2. Experimental Setup and Procedures

2.1. Wind Tunnel Facility

The main objective test campaign is to estimate the aerodynamic effects of the canard on the wing and tailplane. The experimental tests campaign has been performed in the main wind tunnel facility of the Dept. of Industrial Engineering of the University of Naples “Federico II”. It is a subsonic, closed circuit tunnel, with a rectangular cross section with tempered edges, shown in Figure 3. The main wind-tunnel characteristics are summarized in Table 1.

The measurement instrumentation consists of two internal strain gage balances for the measurement of aerodynamic forces and moments, a Venturi system to measure the dynamic pressure, an inclinometer to measure the angle of attack, a potentiometer to measure the sideslip angle, and a temperature probe to measure the static temperature in the test section.

The wind speed in the test section is calculated from the measurement of the dynamic pressure by the Venturi system, which is equipped with 4 static pressure probes placed on the side faces of the initial and final sections of the convergent leg. A pressure transducer with a 2500 $\mathrm{Pa}$ full-scale and a 3 $\mathrm{Pa}$ accuracy measures the static pressure variation between these sections and—through the continuity equation—provides the dynamic pressure immediately ahead of the test section. From the measurement of the dynamic pressure and the estimation of the air density from a temperature measurement, the flow velocity in the test section is finally calculated.

The strain gage balances—one measuring lift, drag, and pitching moment, the other measuring sideforce, yawing moment, and rolling moment—are made of aluminum alloy 2024-T3. Table 2 summarizes the full-scale readings and the maximum errors per axis. The angle of attack has been measured with the mono-axial tilt sensor CrossBow CXTA01, which has an accuracy of 0.05° and a range from −75° to 75°. The sideslip angle is measured by a linear potentiometer whose installation provides an accuracy of 0.1° and a range from −15° to 25°.

All the aerodynamic forces have been reduced to the usual aerodynamic coefficients, assuming as reference parameters the test section dynamic pressure $q_{\infty }$, the wing mean aerodynamic chord (MAC), wing span b, and wing area S, except where otherwise stated. The Reynolds number is also based on the MAC, and it has an average value of 315,000. Wind tunnel corrections have been applied by following the procedure described in [28].

The test articles have been machines in aluminium alloy. The three-view of the two versions of the model have been shown in Figure 1 and Figure 2. Aluminum zig-zag tape strips have been positioned to promote flow transition. Specifically, the strips were installed at 5% of the local chord from the leading edge of the lifting surfaces and at 10% of the fuselage nose length.

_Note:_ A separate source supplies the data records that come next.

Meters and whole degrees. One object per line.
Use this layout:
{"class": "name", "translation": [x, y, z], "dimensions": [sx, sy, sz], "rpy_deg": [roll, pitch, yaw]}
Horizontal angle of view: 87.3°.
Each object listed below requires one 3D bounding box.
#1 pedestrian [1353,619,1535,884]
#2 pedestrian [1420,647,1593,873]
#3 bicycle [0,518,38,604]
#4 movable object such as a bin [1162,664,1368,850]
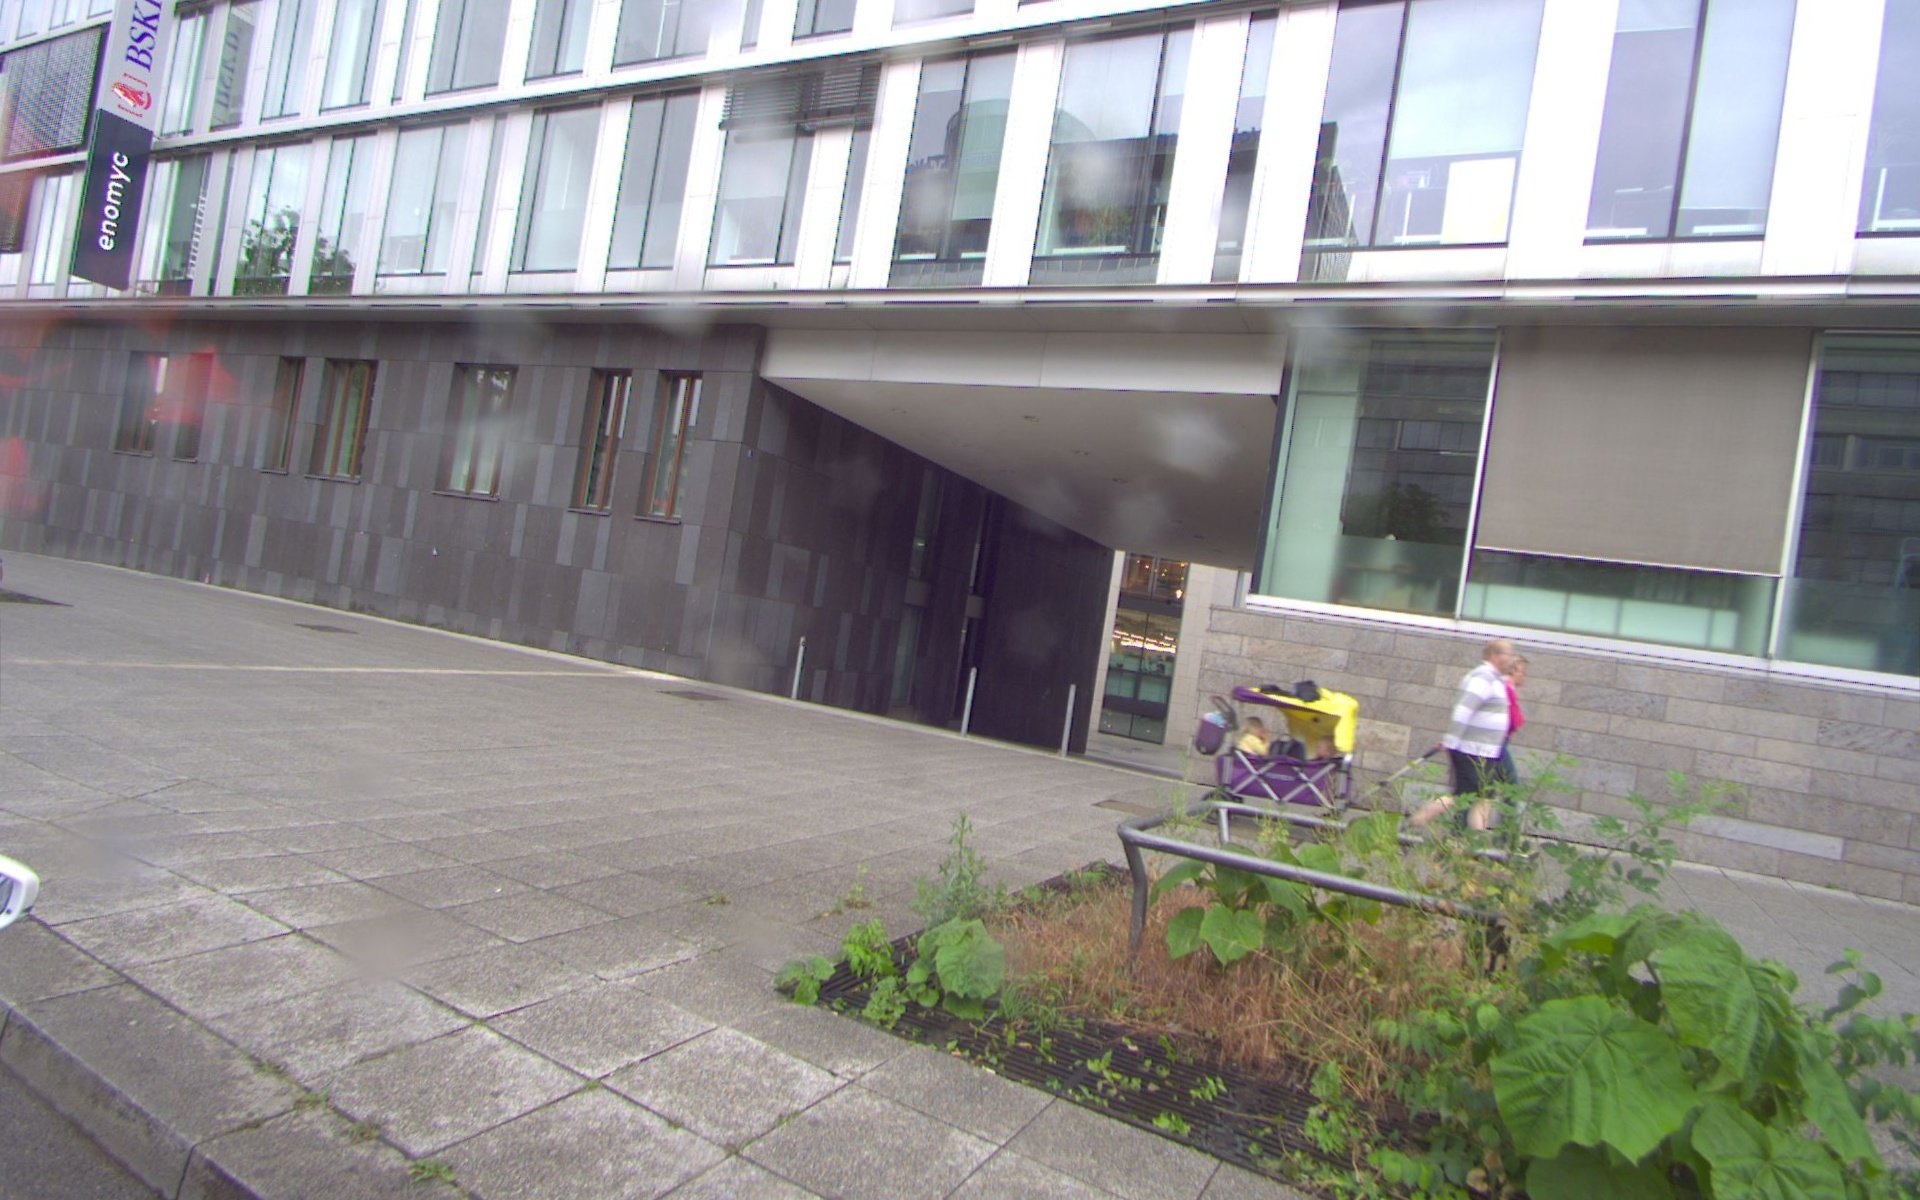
{"class": "pedestrian", "translation": [3.790, 1.129, 7.921], "dimensions": [1.028, 1.814, 0.901], "rpy_deg": [7, 1, 26]}
{"class": "pedestrian", "translation": [4.690, 1.330, 8.709], "dimensions": [1.080, 1.712, 0.719], "rpy_deg": [7, 1, 27]}
{"class": "bicycle", "translation": [-13.066, -0.636, 12.254], "dimensions": [0.665, 1.069, 2.543], "rpy_deg": [7, -2, 27]}
{"class": "movable object such as a bin", "translation": [2.560, 1.266, 8.439], "dimensions": [1.420, 1.279, 0.733], "rpy_deg": [6, -2, 29]}
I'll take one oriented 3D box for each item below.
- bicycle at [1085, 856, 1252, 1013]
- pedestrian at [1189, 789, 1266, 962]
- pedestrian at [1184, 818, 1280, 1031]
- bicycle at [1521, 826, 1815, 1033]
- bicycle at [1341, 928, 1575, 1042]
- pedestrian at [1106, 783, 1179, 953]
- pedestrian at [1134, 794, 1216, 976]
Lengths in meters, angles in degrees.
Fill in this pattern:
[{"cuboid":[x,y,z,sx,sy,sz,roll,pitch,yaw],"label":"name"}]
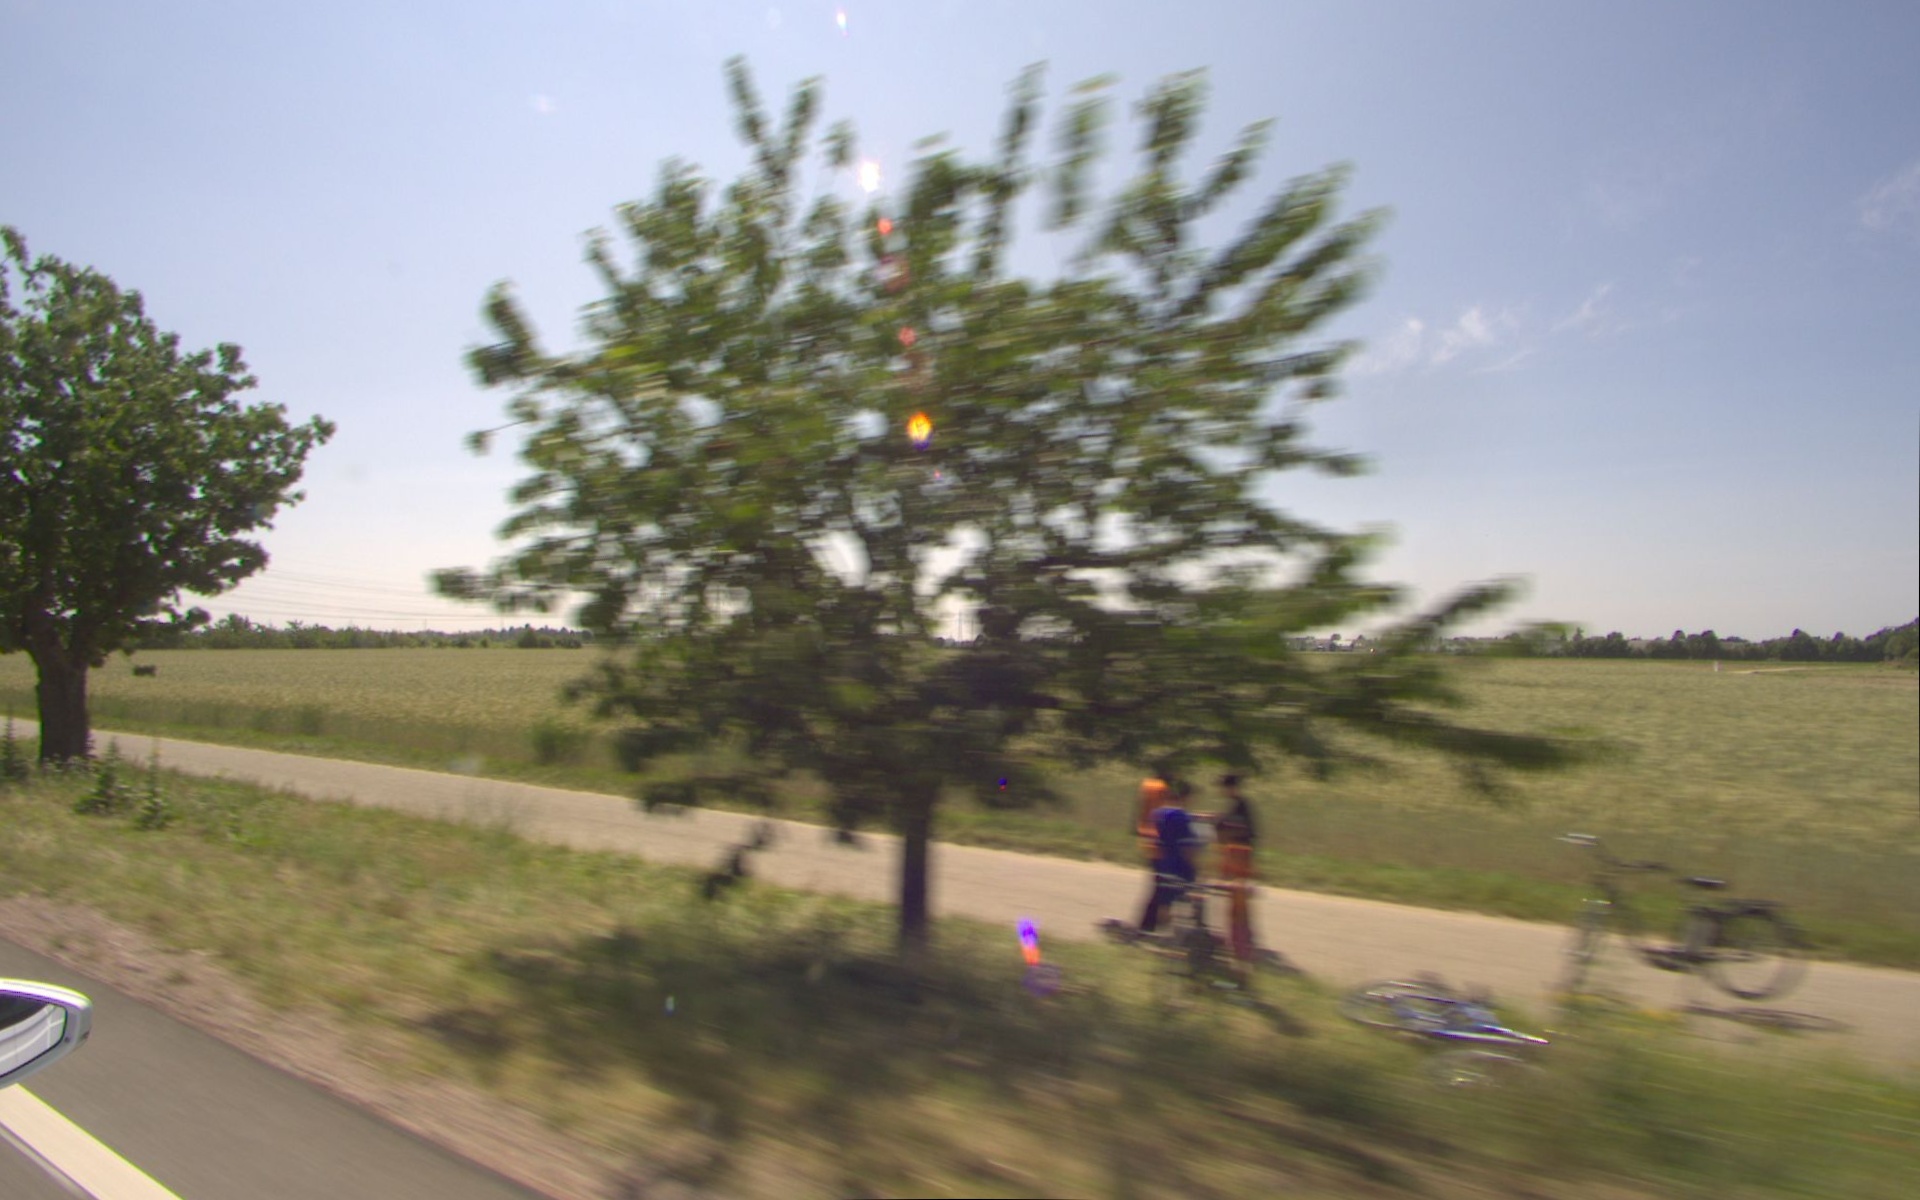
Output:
[{"cuboid":[1.482,2.343,7.112,1.100,0.871,0.441,1,-1,-21],"label":"bicycle"},{"cuboid":[2.231,2.279,8.376,0.478,1.312,0.442,1,-1,-13],"label":"pedestrian"},{"cuboid":[1.881,2.217,6.942,0.478,1.312,0.441,1,-1,-17],"label":"pedestrian"},{"cuboid":[5.018,2.318,7.197,1.652,1.180,0.476,0,-1,17],"label":"bicycle"},{"cuboid":[3.201,2.497,6.593,0.995,0.285,1.233,0,-2,5],"label":"bicycle"},{"cuboid":[1.562,2.275,8.597,0.478,1.331,0.441,1,-1,-15],"label":"pedestrian"},{"cuboid":[1.727,2.269,8.068,0.479,1.312,0.440,1,-1,-25],"label":"pedestrian"}]
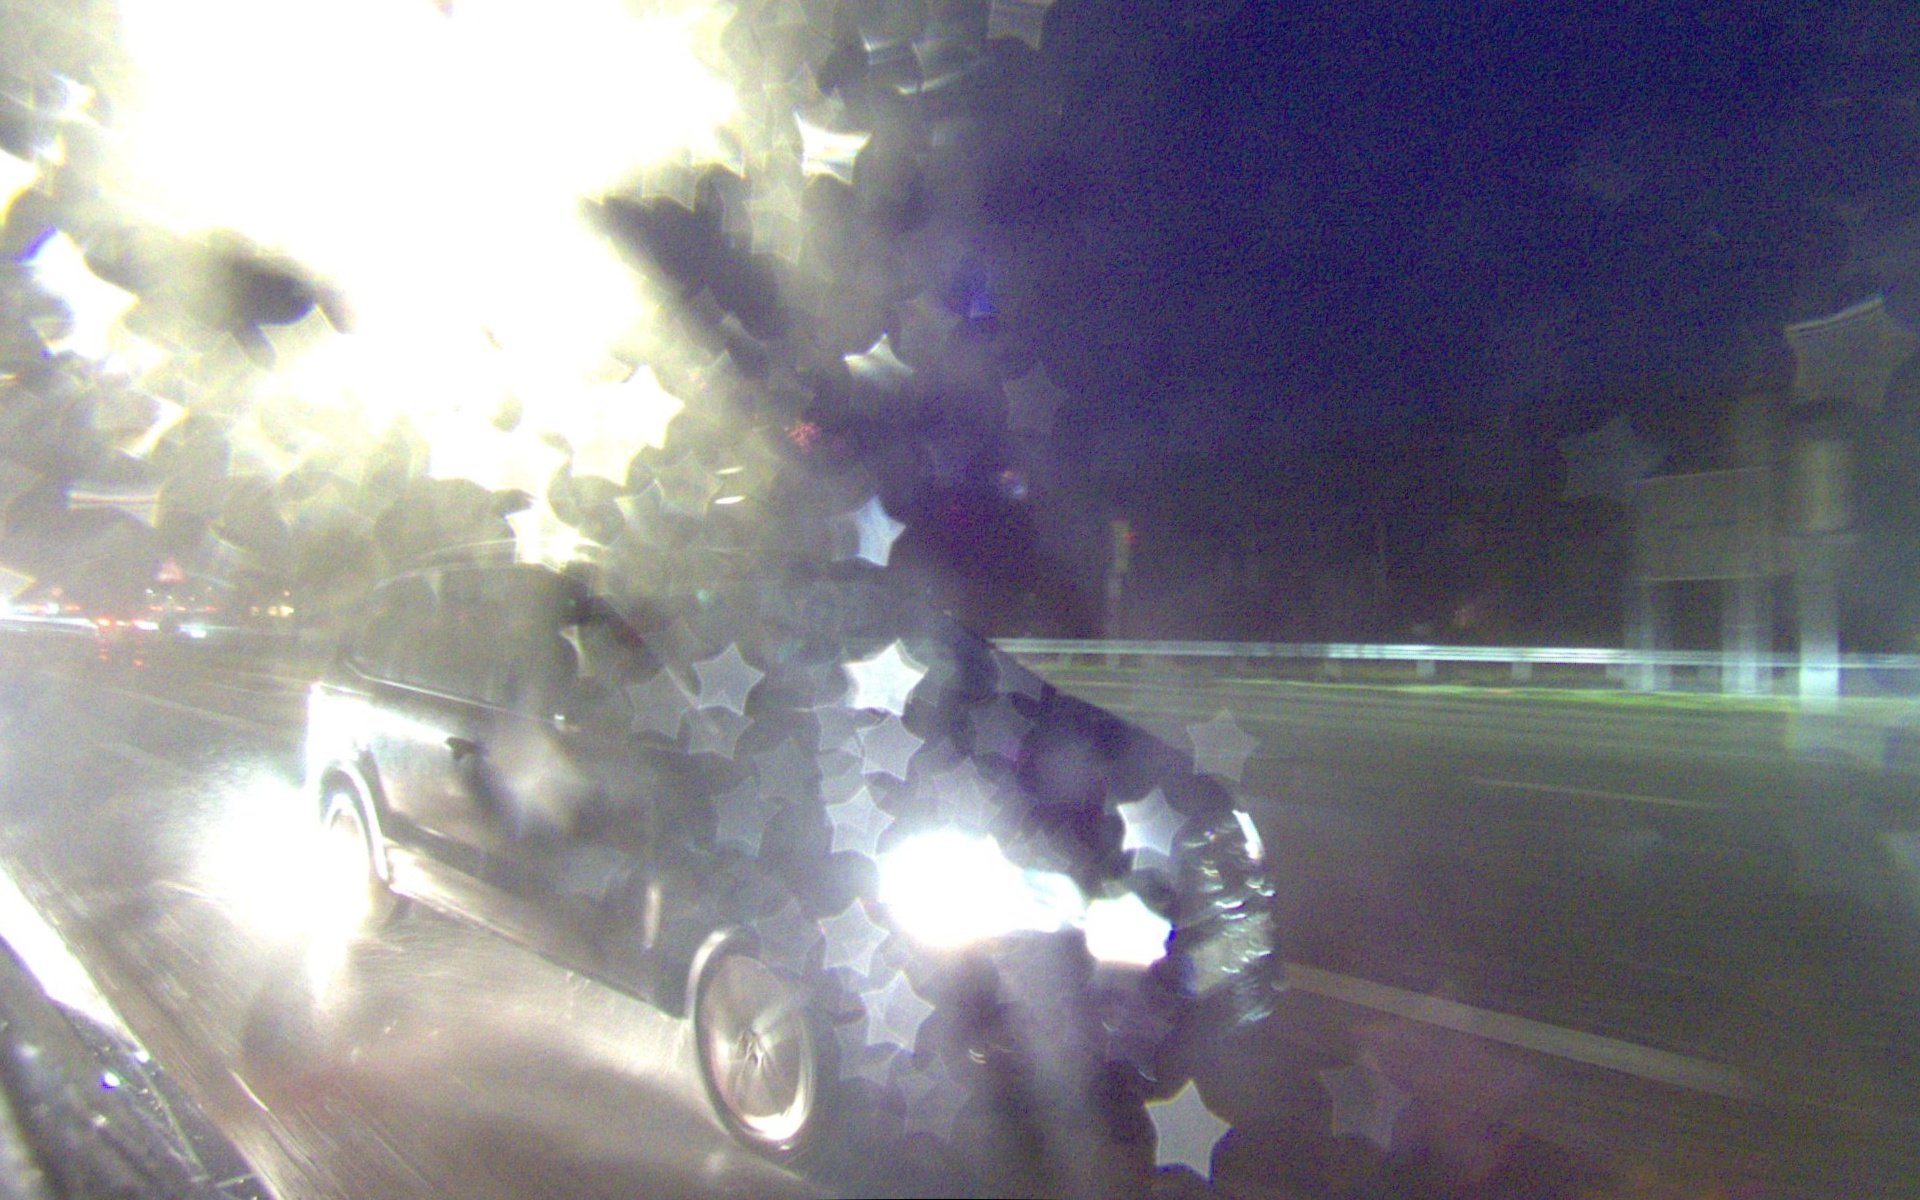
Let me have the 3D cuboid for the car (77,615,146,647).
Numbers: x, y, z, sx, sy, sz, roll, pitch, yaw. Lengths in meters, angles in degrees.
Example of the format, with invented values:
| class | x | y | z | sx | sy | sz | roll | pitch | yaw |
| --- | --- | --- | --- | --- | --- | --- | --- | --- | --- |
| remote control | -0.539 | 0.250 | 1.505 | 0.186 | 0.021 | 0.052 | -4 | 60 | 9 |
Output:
| class | x | y | z | sx | sy | sz | roll | pitch | yaw |
| --- | --- | --- | --- | --- | --- | --- | --- | --- | --- |
| car | -43.720 | 1.600 | 52.108 | 4.366 | 1.510 | 1.639 | 0 | -3 | 36 |

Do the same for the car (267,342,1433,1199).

To evaluate the repeatability of the measurements and to quantify spread in test data, in Table 3 the statistics concerning five tests on the same model configuration—Wing-Body (WB)—have been reported. Standard deviation (SD) values are shown for the lift, drag, and pitching moment coefficients. As concerns uncertainty in yawing moment coefficient, data have been reported in Table 4 for the complete aircraft configuration, that is, Wing-Body-Horizontal-Vertical-Canard (WBHVC).

2.2. Evaluation of Longitudinal Stability and Neutral Point

An aircraft is considered to be longitudinally statically stable if, from a trimmed state, a disturbance in the angle of attack results in a pitching moment which tends to restore the aircraft to its original state of equilibrium [29]. The stability of an aircraft is closely tied to the position of its center of gravity (CG) and that of the neutral point $N_0$. This latter is defined as the position of the center of gravity about which the pitching moment coefficient is invariant with the angle of attack [12]. An aircraft is neutrally stable in longitudinal motion if the CG coincides with the $N_0$.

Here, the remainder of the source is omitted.